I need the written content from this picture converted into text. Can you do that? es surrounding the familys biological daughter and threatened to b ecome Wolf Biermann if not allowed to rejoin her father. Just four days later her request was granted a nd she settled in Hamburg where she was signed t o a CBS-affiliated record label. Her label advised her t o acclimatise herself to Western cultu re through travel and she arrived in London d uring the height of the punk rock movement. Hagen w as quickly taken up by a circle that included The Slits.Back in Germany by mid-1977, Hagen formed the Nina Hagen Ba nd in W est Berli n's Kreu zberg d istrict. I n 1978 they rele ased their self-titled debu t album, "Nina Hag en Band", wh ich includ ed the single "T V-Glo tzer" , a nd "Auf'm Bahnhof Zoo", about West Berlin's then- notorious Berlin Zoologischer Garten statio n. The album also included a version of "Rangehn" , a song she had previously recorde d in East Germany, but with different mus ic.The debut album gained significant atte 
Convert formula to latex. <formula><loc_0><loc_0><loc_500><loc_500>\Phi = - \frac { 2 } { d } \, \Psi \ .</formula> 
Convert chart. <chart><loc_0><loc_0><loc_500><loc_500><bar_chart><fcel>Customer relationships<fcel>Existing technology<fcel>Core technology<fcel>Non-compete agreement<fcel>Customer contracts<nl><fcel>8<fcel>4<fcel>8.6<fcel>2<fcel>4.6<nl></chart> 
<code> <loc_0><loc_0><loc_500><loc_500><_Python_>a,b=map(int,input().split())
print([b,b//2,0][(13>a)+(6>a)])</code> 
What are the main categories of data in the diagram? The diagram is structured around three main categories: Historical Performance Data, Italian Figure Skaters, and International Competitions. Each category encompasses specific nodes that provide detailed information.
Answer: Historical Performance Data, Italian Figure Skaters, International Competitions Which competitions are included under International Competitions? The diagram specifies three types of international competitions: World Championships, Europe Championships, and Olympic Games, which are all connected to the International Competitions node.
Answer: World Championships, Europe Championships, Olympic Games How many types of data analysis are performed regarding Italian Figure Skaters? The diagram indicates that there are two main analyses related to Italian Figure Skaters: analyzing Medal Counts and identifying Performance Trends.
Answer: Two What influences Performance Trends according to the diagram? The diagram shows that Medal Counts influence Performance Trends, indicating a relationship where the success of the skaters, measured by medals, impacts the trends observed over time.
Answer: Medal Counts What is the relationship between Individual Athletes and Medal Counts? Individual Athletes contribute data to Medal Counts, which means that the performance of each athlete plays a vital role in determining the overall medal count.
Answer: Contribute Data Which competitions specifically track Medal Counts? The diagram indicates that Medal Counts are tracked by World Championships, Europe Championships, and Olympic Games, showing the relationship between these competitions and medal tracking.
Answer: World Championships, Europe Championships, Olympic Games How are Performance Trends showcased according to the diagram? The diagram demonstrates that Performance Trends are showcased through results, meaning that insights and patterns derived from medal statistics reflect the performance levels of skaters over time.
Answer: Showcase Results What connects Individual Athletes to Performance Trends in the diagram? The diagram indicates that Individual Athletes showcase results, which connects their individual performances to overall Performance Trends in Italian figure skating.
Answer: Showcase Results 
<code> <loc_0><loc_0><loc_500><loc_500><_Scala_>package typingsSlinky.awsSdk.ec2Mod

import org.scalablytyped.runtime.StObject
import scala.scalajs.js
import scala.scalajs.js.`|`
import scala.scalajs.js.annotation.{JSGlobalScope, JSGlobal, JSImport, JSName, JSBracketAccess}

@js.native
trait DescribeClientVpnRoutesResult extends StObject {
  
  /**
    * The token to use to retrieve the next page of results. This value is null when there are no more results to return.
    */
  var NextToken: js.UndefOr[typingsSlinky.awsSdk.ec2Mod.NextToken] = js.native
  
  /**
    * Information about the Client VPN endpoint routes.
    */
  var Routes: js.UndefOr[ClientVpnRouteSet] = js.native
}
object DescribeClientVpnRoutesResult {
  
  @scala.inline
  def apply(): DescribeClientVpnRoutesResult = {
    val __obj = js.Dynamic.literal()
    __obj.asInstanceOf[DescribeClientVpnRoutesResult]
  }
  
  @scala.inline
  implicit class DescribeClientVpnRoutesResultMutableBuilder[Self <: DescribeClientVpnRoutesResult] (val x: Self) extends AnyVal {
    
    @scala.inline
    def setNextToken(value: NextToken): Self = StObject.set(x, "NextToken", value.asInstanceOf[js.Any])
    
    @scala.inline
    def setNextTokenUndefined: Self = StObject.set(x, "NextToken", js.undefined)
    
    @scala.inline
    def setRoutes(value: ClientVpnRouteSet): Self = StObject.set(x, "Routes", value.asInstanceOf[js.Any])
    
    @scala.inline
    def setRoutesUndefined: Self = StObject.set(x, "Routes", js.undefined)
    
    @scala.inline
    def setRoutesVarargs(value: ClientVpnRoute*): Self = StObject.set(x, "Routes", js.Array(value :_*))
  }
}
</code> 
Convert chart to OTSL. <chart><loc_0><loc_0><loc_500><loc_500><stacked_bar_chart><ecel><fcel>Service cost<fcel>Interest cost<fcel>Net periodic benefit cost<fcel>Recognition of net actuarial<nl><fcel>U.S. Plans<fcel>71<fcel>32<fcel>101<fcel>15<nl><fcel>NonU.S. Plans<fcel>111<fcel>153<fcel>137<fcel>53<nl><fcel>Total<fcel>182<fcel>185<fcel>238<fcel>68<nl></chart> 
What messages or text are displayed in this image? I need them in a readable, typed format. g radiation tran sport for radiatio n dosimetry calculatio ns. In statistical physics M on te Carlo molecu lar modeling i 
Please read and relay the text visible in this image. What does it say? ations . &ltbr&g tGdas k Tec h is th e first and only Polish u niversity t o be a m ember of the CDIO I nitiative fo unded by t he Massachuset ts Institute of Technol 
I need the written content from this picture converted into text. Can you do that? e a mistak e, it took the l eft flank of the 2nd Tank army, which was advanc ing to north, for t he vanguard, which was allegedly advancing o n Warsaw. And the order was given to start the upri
------------------------
- [Exercise goal]:
All of the material is to be written out exactly.

- [Solution for this task]:
I need the written content from this picture converted into text. Can you do that? es surrounding the familys biological daughter and threatened to b ecome Wolf Biermann if not allowed to rejoin her father. Just four days later her request was granted a nd she settled in Hamburg where she was signed t o a CBS-affiliated record label. Her label advised her t o acclimatise herself to Western cultu re through travel and she arrived in London d uring the height of the punk rock movement. Hagen w as quickly taken up by a circle that included The Slits.Back in Germany by mid-1977, Hagen formed the Nina Hagen Ba nd in W est Berli n's Kreu zberg d istrict. I n 1978 they rele ased their self-titled debu t album, "Nina Hag en Band", wh ich includ ed the single "T V-Glo tzer" , a nd "Auf'm Bahnhof Zoo", about West Berlin's then- notorious Berlin Zoologischer Garten statio n. The album also included a version of "Rangehn" , a song she had previously recorde d in East Germany, but with different mus ic.The debut album gained significant atte 
Convert formula to latex. <formula><loc_0><loc_0><loc_500><loc_500>\Phi = - \frac { 2 } { d } \, \Psi \ .</formula> 
Convert chart. <chart><loc_0><loc_0><loc_500><loc_500><bar_chart><fcel>Customer relationships<fcel>Existing technology<fcel>Core technology<fcel>Non-compete agreement<fcel>Customer contracts<nl><fcel>8<fcel>4<fcel>8.6<fcel>2<fcel>4.6<nl></chart> 
<code> <loc_0><loc_0><loc_500><loc_500><_Python_>a,b=map(int,input().split())
print([b,b//2,0][(13>a)+(6>a)])</code> 
What are the main categories of data in the diagram? The diagram is structured around three main categories: Historical Performance Data, Italian Figure Skaters, and International Competitions. Each category encompasses specific nodes that provide detailed information.
Answer: Historical Performance Data, Italian Figure Skaters, International Competitions Which competitions are included under International Competitions? The diagram specifies three types of international competitions: World Championships, Europe Championships, and Olympic Games, which are all connected to the International Competitions node.
Answer: World Championships, Europe Championships, Olympic Games How many types of data analysis are performed regarding Italian Figure Skaters? The diagram indicates that there are two main analyses related to Italian Figure Skaters: analyzing Medal Counts and identifying Performance Trends.
Answer: Two What influences Performance Trends according to the diagram? The diagram shows that Medal Counts influence Performance Trends, indicating a relationship where the success of the skaters, measured by medals, impacts the trends observed over time.
Answer: Medal Counts What is the relationship between Individual Athletes and Medal Counts? Individual Athletes contribute data to Medal Counts, which means that the performance of each athlete plays a vital role in determining the overall medal count.
Answer: Contribute Data Which competitions specifically track Medal Counts? The diagram indicates that Medal Counts are tracked by World Championships, Europe Championships, and Olympic Games, showing the relationship between these competitions and medal tracking.
Answer: World Championships, Europe Championships, Olympic Games How are Performance Trends showcased according to the diagram? The diagram demonstrates that Performance Trends are showcased through results, meaning that insights and patterns derived from medal statistics reflect the performance levels of skaters over time.
Answer: Showcase Results What connects Individual Athletes to Performance Trends in the diagram? The diagram indicates that Individual Athletes showcase results, which connects their individual performances to overall Performance Trends in Italian figure skating.
Answer: Showcase Results 
<code> <loc_0><loc_0><loc_500><loc_500><_Scala_>package typingsSlinky.awsSdk.ec2Mod

import org.scalablytyped.runtime.StObject
import scala.scalajs.js
import scala.scalajs.js.`|`
import scala.scalajs.js.annotation.{JSGlobalScope, JSGlobal, JSImport, JSName, JSBracketAccess}

@js.native
trait DescribeClientVpnRoutesResult extends StObject {
  
  /**
    * The token to use to retrieve the next page of results. This value is null when there are no more results to return.
    */
  var NextToken: js.UndefOr[typingsSlinky.awsSdk.ec2Mod.NextToken] = js.native
  
  /**
    * Information about the Client VPN endpoint routes.
    */
  var Routes: js.UndefOr[ClientVpnRouteSet] = js.native
}
object DescribeClientVpnRoutesResult {
  
  @scala.inline
  def apply(): DescribeClientVpnRoutesResult = {
    val __obj = js.Dynamic.literal()
    __obj.asInstanceOf[DescribeClientVpnRoutesResult]
  }
  
  @scala.inline
  implicit class DescribeClientVpnRoutesResultMutableBuilder[Self <: DescribeClientVpnRoutesResult] (val x: Self) extends AnyVal {
    
    @scala.inline
    def setNextToken(value: NextToken): Self = StObject.set(x, "NextToken", value.asInstanceOf[js.Any])
    
    @scala.inline
    def setNextTokenUndefined: Self = StObject.set(x, "NextToken", js.undefined)
    
    @scala.inline
    def setRoutes(value: ClientVpnRouteSet): Self = StObject.set(x, "Routes", value.asInstanceOf[js.Any])
    
    @scala.inline
    def setRoutesUndefined: Self = StObject.set(x, "Routes", js.undefined)
    
    @scala.inline
    def setRoutesVarargs(value: ClientVpnRoute*): Self = StObject.set(x, "Routes", js.Array(value :_*))
  }
}
</code> 
Convert chart to OTSL. <chart><loc_0><loc_0><loc_500><loc_500><stacked_bar_chart><ecel><fcel>Service cost<fcel>Interest cost<fcel>Net periodic benefit cost<fcel>Recognition of net actuarial<nl><fcel>U.S. Plans<fcel>71<fcel>32<fcel>101<fcel>15<nl><fcel>NonU.S. Plans<fcel>111<fcel>153<fcel>137<fcel>53<nl><fcel>Total<fcel>182<fcel>185<fcel>238<fcel>68<nl></chart> 
What messages or text are displayed in this image? I need them in a readable, typed format. g radiation tran sport for radiatio n dosimetry calculatio ns. In statistical physics M on te Carlo molecu lar modeling i 
Please read and relay the text visible in this image. What does it say? ations . &ltbr&g tGdas k Tec h is th e first and only Polish u niversity t o be a m ember of the CDIO I nitiative fo unded by t he Massachuset ts Institute of Technol 
I need the written content from this picture converted into text. Can you do that? e a mistak e, it took the l eft flank of the 2nd Tank army, which was advanc ing to north, for t he vanguard, which was allegedly advancing o n Warsaw. And the order was given to start the upri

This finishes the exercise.